## TO DO
Where the word "instrument" shows up in the entries below, please copy the whole line.

[Stored records]
-*-*-

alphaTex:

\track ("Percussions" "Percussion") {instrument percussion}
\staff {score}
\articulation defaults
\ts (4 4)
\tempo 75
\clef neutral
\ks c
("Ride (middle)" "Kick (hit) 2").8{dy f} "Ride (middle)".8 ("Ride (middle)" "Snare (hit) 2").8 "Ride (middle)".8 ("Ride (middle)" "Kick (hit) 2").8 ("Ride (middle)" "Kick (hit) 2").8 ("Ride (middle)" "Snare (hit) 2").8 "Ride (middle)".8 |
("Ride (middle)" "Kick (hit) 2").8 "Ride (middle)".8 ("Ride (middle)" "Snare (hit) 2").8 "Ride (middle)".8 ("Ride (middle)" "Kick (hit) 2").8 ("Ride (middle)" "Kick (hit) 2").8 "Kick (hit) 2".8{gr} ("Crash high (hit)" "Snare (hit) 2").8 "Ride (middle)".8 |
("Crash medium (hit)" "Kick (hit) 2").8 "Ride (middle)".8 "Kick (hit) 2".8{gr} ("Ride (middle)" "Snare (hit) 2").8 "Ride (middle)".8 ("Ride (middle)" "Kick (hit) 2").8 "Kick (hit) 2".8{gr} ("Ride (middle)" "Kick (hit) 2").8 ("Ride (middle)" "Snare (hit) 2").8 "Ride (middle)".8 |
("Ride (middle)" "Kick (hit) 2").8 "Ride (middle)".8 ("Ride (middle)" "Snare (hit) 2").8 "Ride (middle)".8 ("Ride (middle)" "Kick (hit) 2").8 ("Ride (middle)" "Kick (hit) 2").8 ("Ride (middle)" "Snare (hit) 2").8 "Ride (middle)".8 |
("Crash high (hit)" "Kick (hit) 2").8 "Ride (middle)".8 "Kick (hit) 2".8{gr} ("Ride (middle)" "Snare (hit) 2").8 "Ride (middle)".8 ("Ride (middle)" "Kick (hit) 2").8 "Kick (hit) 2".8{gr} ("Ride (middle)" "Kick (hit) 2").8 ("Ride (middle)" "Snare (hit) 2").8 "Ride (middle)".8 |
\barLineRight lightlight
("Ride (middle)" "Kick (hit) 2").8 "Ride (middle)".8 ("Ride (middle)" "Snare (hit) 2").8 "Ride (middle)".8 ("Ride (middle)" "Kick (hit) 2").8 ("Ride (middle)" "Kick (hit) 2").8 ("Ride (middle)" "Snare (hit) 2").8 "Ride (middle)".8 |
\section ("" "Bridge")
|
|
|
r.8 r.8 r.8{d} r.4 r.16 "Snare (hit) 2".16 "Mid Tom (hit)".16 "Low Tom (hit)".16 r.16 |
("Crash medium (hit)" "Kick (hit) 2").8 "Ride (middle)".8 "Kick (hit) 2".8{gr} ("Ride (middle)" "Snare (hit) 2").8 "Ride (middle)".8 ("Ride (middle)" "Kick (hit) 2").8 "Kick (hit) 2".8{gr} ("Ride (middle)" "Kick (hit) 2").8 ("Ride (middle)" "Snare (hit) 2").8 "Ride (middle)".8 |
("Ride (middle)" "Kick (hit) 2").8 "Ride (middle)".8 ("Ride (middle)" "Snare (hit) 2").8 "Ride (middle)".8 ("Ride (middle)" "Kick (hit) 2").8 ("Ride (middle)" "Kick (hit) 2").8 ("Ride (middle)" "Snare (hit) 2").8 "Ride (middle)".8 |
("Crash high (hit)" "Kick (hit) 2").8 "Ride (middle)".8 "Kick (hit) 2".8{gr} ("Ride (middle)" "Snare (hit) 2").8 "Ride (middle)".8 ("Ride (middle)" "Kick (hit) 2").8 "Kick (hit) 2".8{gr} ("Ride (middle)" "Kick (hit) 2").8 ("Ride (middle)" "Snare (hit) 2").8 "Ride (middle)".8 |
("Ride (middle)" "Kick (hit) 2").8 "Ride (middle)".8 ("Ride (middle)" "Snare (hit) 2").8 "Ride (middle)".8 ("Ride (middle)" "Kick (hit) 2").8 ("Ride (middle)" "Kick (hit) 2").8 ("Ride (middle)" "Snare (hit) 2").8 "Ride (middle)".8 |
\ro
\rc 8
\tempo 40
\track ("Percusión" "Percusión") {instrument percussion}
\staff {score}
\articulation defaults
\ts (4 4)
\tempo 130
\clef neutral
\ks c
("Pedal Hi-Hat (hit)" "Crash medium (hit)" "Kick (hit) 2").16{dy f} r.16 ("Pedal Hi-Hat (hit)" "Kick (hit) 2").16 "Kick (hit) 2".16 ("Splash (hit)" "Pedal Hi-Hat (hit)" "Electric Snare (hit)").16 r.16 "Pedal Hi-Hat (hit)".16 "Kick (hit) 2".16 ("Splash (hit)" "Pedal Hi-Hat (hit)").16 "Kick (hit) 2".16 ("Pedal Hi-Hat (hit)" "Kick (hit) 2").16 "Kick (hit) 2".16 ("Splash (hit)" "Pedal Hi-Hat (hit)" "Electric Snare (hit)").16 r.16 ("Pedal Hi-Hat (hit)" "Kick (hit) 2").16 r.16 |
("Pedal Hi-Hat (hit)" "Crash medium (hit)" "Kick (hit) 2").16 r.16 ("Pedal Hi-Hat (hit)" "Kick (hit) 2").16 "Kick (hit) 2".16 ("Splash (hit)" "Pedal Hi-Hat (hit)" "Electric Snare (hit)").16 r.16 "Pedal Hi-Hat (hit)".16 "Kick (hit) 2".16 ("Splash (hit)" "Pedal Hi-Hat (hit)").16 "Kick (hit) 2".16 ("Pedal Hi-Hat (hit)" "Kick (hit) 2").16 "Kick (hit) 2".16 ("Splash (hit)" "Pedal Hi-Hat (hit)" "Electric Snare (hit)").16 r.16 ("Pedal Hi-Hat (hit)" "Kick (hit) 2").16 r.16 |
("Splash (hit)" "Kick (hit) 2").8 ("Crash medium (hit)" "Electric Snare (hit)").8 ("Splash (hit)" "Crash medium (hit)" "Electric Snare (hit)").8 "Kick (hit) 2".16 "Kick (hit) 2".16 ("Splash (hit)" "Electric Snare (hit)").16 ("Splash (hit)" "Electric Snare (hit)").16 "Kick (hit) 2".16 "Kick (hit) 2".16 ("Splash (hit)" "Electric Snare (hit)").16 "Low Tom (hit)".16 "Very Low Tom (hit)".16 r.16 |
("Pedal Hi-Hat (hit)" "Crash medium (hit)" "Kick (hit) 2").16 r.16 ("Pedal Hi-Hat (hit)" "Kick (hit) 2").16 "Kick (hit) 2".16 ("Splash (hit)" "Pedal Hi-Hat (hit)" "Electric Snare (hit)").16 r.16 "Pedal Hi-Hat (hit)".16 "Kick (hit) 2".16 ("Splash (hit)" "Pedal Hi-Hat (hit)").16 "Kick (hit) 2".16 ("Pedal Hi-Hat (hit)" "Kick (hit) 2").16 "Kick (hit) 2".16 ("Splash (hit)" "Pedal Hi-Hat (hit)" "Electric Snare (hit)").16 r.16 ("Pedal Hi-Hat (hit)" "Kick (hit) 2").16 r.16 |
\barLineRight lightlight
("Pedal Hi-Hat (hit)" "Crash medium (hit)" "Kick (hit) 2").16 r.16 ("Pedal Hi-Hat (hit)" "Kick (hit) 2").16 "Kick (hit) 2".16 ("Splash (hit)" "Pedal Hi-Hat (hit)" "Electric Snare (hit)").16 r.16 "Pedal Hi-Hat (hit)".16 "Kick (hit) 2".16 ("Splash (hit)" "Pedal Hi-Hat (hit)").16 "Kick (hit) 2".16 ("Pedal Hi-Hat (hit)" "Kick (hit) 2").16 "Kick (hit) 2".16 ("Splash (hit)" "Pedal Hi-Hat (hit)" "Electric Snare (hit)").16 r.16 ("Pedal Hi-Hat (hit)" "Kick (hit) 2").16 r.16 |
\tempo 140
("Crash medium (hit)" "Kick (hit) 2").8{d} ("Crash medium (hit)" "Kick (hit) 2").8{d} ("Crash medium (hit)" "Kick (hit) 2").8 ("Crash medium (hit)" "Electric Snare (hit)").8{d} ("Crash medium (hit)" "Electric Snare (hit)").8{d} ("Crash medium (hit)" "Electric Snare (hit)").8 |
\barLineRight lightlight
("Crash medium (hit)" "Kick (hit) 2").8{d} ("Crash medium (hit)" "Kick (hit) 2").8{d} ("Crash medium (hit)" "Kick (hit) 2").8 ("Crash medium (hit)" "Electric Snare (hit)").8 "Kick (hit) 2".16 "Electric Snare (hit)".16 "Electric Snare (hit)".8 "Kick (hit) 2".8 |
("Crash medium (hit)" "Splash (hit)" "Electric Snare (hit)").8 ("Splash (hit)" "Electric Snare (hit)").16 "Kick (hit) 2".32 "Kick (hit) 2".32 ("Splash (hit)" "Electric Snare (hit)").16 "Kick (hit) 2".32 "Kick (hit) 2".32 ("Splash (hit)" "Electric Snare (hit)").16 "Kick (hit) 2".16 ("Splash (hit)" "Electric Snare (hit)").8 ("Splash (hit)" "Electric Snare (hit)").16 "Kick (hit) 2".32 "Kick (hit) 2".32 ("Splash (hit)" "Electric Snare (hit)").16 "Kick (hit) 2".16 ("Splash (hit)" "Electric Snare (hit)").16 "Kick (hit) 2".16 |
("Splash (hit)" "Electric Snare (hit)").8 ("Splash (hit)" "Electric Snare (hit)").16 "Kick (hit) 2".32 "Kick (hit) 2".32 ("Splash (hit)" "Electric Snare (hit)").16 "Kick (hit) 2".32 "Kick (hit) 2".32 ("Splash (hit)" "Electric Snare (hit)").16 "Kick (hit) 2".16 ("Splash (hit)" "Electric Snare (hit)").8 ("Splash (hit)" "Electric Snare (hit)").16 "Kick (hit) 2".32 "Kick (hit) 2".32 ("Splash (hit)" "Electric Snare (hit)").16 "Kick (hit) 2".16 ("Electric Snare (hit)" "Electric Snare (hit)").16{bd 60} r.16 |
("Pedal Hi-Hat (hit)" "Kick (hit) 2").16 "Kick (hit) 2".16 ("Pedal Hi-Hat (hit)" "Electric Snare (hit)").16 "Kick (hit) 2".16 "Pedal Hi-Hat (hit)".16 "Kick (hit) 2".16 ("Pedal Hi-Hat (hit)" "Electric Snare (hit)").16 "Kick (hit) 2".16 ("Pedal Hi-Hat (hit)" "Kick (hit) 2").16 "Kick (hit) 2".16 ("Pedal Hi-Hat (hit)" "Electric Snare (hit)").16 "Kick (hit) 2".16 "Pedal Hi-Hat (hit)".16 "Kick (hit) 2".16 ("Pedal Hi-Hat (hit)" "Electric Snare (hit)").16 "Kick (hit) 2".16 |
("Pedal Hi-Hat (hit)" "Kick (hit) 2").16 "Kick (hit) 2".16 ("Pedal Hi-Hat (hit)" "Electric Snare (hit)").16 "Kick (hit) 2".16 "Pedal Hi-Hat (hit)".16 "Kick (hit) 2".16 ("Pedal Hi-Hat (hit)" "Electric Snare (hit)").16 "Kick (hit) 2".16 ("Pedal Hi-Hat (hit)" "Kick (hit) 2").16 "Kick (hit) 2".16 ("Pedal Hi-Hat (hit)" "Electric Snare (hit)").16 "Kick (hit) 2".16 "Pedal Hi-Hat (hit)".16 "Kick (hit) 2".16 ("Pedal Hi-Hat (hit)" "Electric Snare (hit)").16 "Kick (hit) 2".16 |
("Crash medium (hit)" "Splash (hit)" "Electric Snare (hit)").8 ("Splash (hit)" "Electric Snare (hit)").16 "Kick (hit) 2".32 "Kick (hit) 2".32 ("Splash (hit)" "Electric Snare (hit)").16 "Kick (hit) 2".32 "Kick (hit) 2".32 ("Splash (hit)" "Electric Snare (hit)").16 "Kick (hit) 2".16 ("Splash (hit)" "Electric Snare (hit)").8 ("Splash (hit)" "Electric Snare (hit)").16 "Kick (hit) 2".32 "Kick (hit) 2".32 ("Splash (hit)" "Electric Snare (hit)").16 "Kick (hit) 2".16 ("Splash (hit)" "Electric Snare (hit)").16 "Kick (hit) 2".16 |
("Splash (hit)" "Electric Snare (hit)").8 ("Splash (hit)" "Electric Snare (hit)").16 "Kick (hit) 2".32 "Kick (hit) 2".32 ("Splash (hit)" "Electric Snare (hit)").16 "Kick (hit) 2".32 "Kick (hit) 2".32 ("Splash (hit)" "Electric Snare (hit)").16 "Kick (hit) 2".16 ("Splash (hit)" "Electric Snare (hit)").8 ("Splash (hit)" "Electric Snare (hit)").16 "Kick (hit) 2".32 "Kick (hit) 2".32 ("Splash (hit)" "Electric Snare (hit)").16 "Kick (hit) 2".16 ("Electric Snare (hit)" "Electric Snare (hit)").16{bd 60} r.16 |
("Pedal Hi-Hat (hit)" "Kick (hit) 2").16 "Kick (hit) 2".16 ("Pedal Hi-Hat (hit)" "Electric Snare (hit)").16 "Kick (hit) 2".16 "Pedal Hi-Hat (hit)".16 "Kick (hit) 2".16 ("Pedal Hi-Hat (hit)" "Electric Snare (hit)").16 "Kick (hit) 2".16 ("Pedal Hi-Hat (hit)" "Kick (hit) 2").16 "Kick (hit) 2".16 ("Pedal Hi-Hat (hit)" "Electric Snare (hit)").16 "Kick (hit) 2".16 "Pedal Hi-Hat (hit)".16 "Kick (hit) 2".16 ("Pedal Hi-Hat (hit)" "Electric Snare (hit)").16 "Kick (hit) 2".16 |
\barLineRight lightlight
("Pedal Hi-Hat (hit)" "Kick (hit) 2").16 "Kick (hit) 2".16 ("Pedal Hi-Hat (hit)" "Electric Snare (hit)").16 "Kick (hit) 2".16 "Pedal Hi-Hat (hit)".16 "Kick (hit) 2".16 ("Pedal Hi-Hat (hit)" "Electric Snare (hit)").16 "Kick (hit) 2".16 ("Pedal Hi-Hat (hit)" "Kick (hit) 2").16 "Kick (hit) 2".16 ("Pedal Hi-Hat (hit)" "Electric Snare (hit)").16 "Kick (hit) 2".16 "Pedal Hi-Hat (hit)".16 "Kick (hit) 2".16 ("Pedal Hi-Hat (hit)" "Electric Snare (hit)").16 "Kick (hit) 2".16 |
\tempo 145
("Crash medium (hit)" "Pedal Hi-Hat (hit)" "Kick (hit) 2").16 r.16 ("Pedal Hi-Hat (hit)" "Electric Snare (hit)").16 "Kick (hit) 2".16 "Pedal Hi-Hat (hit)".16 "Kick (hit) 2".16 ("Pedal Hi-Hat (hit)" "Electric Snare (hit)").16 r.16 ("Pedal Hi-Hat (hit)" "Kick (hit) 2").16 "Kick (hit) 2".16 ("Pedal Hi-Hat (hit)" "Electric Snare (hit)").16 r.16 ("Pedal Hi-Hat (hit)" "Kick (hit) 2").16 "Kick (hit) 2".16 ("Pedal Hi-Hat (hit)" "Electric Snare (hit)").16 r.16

-*-*-

## RESULT OF THE EXERCISE
\track ("Percussions" "Percussion") {instrument percussion}
\track ("Percusión" "Percusión") {instrument percussion}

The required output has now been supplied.